## Work item:
When you reach the records below, output every one exactly as written but leave out any pictures.

## Entries provided:
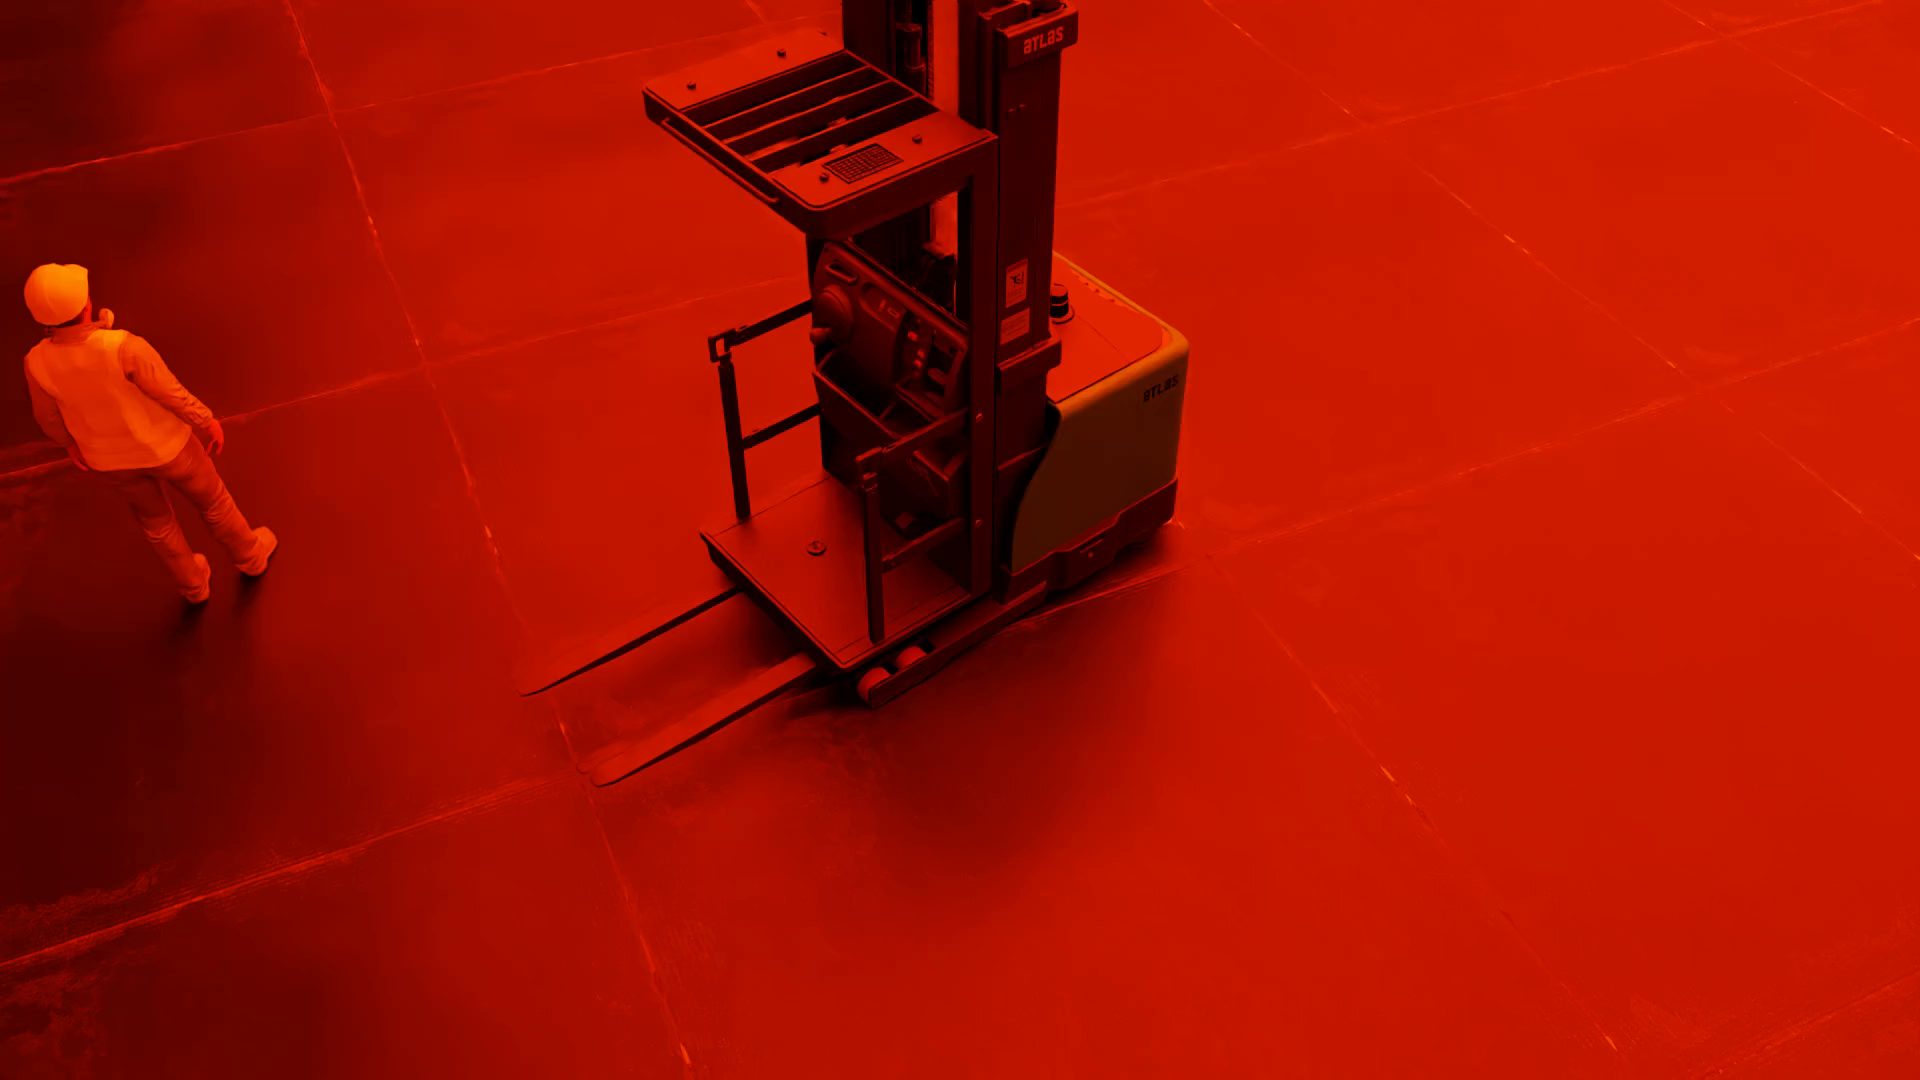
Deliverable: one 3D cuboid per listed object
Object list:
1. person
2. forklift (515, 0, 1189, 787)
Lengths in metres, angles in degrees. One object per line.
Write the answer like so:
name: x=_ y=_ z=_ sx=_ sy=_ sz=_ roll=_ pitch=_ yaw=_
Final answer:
person: x=-3.450 y=-0.465 z=7.022 sx=0.651 sy=1.780 sz=0.562 roll=-6 pitch=43 yaw=-7
forklift: x=-0.450 y=-0.775 z=6.511 sx=3.031 sy=2.935 sz=1.130 roll=-29 pitch=50 yaw=-28
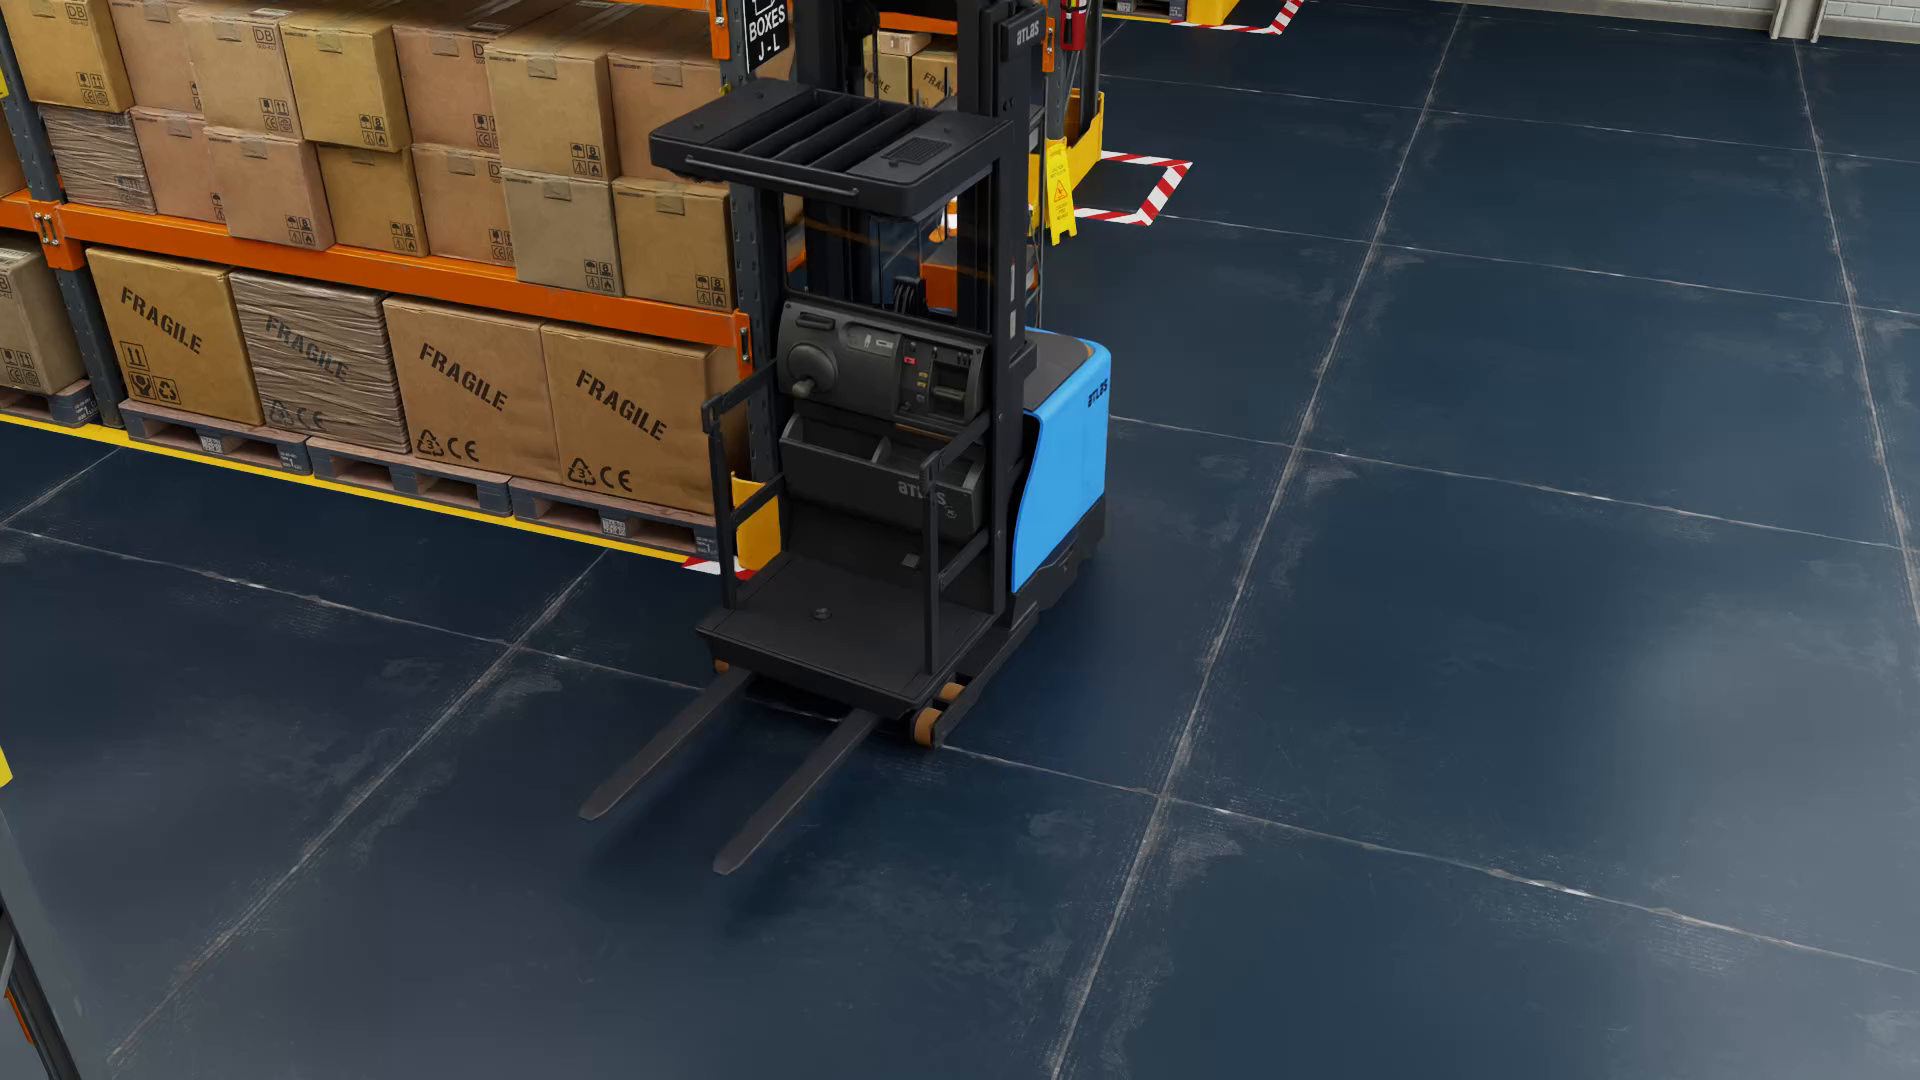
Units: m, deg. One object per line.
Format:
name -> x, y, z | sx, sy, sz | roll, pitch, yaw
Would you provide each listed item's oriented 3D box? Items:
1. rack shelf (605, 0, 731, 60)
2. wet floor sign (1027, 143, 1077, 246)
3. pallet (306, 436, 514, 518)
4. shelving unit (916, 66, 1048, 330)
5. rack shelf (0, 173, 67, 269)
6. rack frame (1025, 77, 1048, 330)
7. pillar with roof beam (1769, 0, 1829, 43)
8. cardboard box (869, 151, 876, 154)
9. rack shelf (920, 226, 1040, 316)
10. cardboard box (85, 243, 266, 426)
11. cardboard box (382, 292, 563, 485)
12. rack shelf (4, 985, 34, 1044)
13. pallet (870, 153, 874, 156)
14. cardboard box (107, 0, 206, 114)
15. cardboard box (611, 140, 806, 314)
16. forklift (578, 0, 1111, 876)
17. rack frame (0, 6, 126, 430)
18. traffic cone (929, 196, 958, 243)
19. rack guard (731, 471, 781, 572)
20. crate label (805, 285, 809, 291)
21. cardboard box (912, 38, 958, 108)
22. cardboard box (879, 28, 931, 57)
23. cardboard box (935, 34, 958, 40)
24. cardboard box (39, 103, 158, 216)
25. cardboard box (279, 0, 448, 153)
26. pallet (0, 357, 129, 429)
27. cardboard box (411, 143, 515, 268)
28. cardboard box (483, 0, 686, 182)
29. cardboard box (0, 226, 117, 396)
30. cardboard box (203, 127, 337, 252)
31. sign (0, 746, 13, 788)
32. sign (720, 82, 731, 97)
rack shelf -> -2.640, -2.725, 7.603 | 4.000, 0.370, 1.077 | 11, 34, 16
wet floor sign -> 0.635, -2.377, 11.336 | 0.232, 0.644, 0.267 | 24, 40, 32
pallet -> -2.681, -0.560, 8.923 | 1.213, 0.211, 1.003 | 11, 34, 16
shelving unit -> 0.103, -1.207, 8.183 | 0.503, 2.100, 0.431 | 11, 35, 17
rack shelf -> -6.406, -2.197, 9.550 | 4.000, 0.370, 1.077 | 11, 34, 16
rack frame -> 0.332, -1.161, 8.112 | 0.015, 2.100, 0.400 | 11, 35, 17
pillar with roof beam -> 6.333, -6.294, 9.702 | 0.400, 9.000, 9.100 | 11, 34, 16
cardboard box -> -0.520, -3.078, 12.399 | 0.500, 0.250, 0.500 | 11, 34, 17
rack shelf -> 0.103, -1.195, 8.191 | 0.480, 0.518, 0.431 | 11, 35, 17
cardboard box -> -3.955, -1.266, 9.017 | 0.875, 0.875, 0.875 | 12, 35, 17
cardboard box -> -2.247, -0.935, 8.505 | 0.875, 0.875, 0.875 | 10, 34, 16
rack shelf -> -4.409, 1.049, 4.522 | 4.000, 0.370, 1.077 | 11, 34, 16
pallet -> -0.007, -2.956, 12.634 | 1.213, 0.211, 1.003 | 11, 34, 16
cardboard box -> -3.630, -2.523, 8.259 | 0.550, 0.550, 0.875 | 11, 34, 16
cardboard box -> -1.122, -1.509, 7.683 | 0.550, 0.550, 0.875 | 11, 34, 16
forklift -> -0.426, -0.648, 6.552 | 1.130, 2.935, 3.031 | 16, 36, 23
rack frame -> -4.523, -2.133, 8.788 | 0.127, 3.000, 1.000 | 11, 34, 16
traffic cone -> -0.023, -2.301, 11.388 | 0.334, 0.463, 0.336 | 11, 34, 16
rack guard -> -0.735, -0.346, 8.326 | 0.348, 0.500, 1.175 | 11, 34, 16
crate label -> -0.838, -1.648, 10.676 | 0.298, 0.136, 0.250 | -6, 33, -9
cardboard box -> -0.025, -3.297, 12.047 | 0.500, 0.500, 0.500 | 11, 35, 17
cardboard box -> -0.393, -3.602, 11.922 | 0.250, 0.149, 0.380 | 12, 35, 18
cardboard box -> 0.129, -3.576, 12.480 | 0.500, 0.500, 0.500 | 10, 34, 15
cardboard box -> -4.172, -2.135, 8.652 | 0.550, 0.550, 0.875 | 11, 34, 16
cardboard box -> -2.667, -2.261, 7.853 | 0.500, 0.550, 0.875 | 11, 34, 16
pallet -> -5.275, -1.064, 9.704 | 1.213, 0.211, 1.003 | 11, 34, 16
cardboard box -> -2.132, -1.765, 8.080 | 0.550, 0.550, 0.875 | 11, 34, 16
cardboard box -> -1.643, -2.059, 7.540 | 0.550, 0.550, 0.875 | 11, 34, 16
cardboard box -> -5.138, -1.432, 9.389 | 0.750, 0.750, 1.050 | 11, 34, 16
cardboard box -> -3.178, -1.887, 8.268 | 0.550, 0.550, 0.875 | 11, 34, 16
sign -> -2.343, 0.472, 3.955 | 0.005, 0.325, 0.100 | 11, 34, 16
sign -> -0.954, -1.712, 6.851 | 0.005, 0.325, 0.100 | 11, 34, 16

## Finished exercise:
Deliverable: one 3D cuboid per listed object
Object list:
1. person
2. forklift (515, 0, 1189, 787)
Lengths in metres, angles in degrees. One object per line.
Write the answer like so:
name: x=_ y=_ z=_ sx=_ sy=_ sz=_ roll=_ pitch=_ yaw=_
Final answer:
person: x=-3.450 y=-0.465 z=7.022 sx=0.651 sy=1.780 sz=0.562 roll=-6 pitch=43 yaw=-7
forklift: x=-0.450 y=-0.775 z=6.511 sx=3.031 sy=2.935 sz=1.130 roll=-29 pitch=50 yaw=-28
Units: m, deg. One object per line.
Format:
name -> x, y, z | sx, sy, sz | roll, pitch, yaw
Would you provide each listed item's oriented 3D box? Items:
1. rack shelf (605, 0, 731, 60)
2. wet floor sign (1027, 143, 1077, 246)
3. pallet (306, 436, 514, 518)
4. shelving unit (916, 66, 1048, 330)
5. rack shelf (0, 173, 67, 269)
6. rack frame (1025, 77, 1048, 330)
7. pillar with roof beam (1769, 0, 1829, 43)
8. cardboard box (869, 151, 876, 154)
9. rack shelf (920, 226, 1040, 316)
10. cardboard box (85, 243, 266, 426)
11. cardboard box (382, 292, 563, 485)
12. rack shelf (4, 985, 34, 1044)
13. pallet (870, 153, 874, 156)
14. cardboard box (107, 0, 206, 114)
15. cardboard box (611, 140, 806, 314)
16. forklift (578, 0, 1111, 876)
17. rack frame (0, 6, 126, 430)
18. traffic cone (929, 196, 958, 243)
19. rack guard (731, 471, 781, 572)
20. crate label (805, 285, 809, 291)
21. cardboard box (912, 38, 958, 108)
22. cardboard box (879, 28, 931, 57)
23. cardboard box (935, 34, 958, 40)
24. cardboard box (39, 103, 158, 216)
25. cardboard box (279, 0, 448, 153)
26. pallet (0, 357, 129, 429)
27. cardboard box (411, 143, 515, 268)
28. cardboard box (483, 0, 686, 182)
29. cardboard box (0, 226, 117, 396)
30. cardboard box (203, 127, 337, 252)
31. sign (0, 746, 13, 788)
32. sign (720, 82, 731, 97)
rack shelf -> -2.640, -2.725, 7.603 | 4.000, 0.370, 1.077 | 11, 34, 16
wet floor sign -> 0.635, -2.377, 11.336 | 0.232, 0.644, 0.267 | 24, 40, 32
pallet -> -2.681, -0.560, 8.923 | 1.213, 0.211, 1.003 | 11, 34, 16
shelving unit -> 0.103, -1.207, 8.183 | 0.503, 2.100, 0.431 | 11, 35, 17
rack shelf -> -6.406, -2.197, 9.550 | 4.000, 0.370, 1.077 | 11, 34, 16
rack frame -> 0.332, -1.161, 8.112 | 0.015, 2.100, 0.400 | 11, 35, 17
pillar with roof beam -> 6.333, -6.294, 9.702 | 0.400, 9.000, 9.100 | 11, 34, 16
cardboard box -> -0.520, -3.078, 12.399 | 0.500, 0.250, 0.500 | 11, 34, 17
rack shelf -> 0.103, -1.195, 8.191 | 0.480, 0.518, 0.431 | 11, 35, 17
cardboard box -> -3.955, -1.266, 9.017 | 0.875, 0.875, 0.875 | 12, 35, 17
cardboard box -> -2.247, -0.935, 8.505 | 0.875, 0.875, 0.875 | 10, 34, 16
rack shelf -> -4.409, 1.049, 4.522 | 4.000, 0.370, 1.077 | 11, 34, 16
pallet -> -0.007, -2.956, 12.634 | 1.213, 0.211, 1.003 | 11, 34, 16
cardboard box -> -3.630, -2.523, 8.259 | 0.550, 0.550, 0.875 | 11, 34, 16
cardboard box -> -1.122, -1.509, 7.683 | 0.550, 0.550, 0.875 | 11, 34, 16
forklift -> -0.426, -0.648, 6.552 | 1.130, 2.935, 3.031 | 16, 36, 23
rack frame -> -4.523, -2.133, 8.788 | 0.127, 3.000, 1.000 | 11, 34, 16
traffic cone -> -0.023, -2.301, 11.388 | 0.334, 0.463, 0.336 | 11, 34, 16
rack guard -> -0.735, -0.346, 8.326 | 0.348, 0.500, 1.175 | 11, 34, 16
crate label -> -0.838, -1.648, 10.676 | 0.298, 0.136, 0.250 | -6, 33, -9
cardboard box -> -0.025, -3.297, 12.047 | 0.500, 0.500, 0.500 | 11, 35, 17
cardboard box -> -0.393, -3.602, 11.922 | 0.250, 0.149, 0.380 | 12, 35, 18
cardboard box -> 0.129, -3.576, 12.480 | 0.500, 0.500, 0.500 | 10, 34, 15
cardboard box -> -4.172, -2.135, 8.652 | 0.550, 0.550, 0.875 | 11, 34, 16
cardboard box -> -2.667, -2.261, 7.853 | 0.500, 0.550, 0.875 | 11, 34, 16
pallet -> -5.275, -1.064, 9.704 | 1.213, 0.211, 1.003 | 11, 34, 16
cardboard box -> -2.132, -1.765, 8.080 | 0.550, 0.550, 0.875 | 11, 34, 16
cardboard box -> -1.643, -2.059, 7.540 | 0.550, 0.550, 0.875 | 11, 34, 16
cardboard box -> -5.138, -1.432, 9.389 | 0.750, 0.750, 1.050 | 11, 34, 16
cardboard box -> -3.178, -1.887, 8.268 | 0.550, 0.550, 0.875 | 11, 34, 16
sign -> -2.343, 0.472, 3.955 | 0.005, 0.325, 0.100 | 11, 34, 16
sign -> -0.954, -1.712, 6.851 | 0.005, 0.325, 0.100 | 11, 34, 16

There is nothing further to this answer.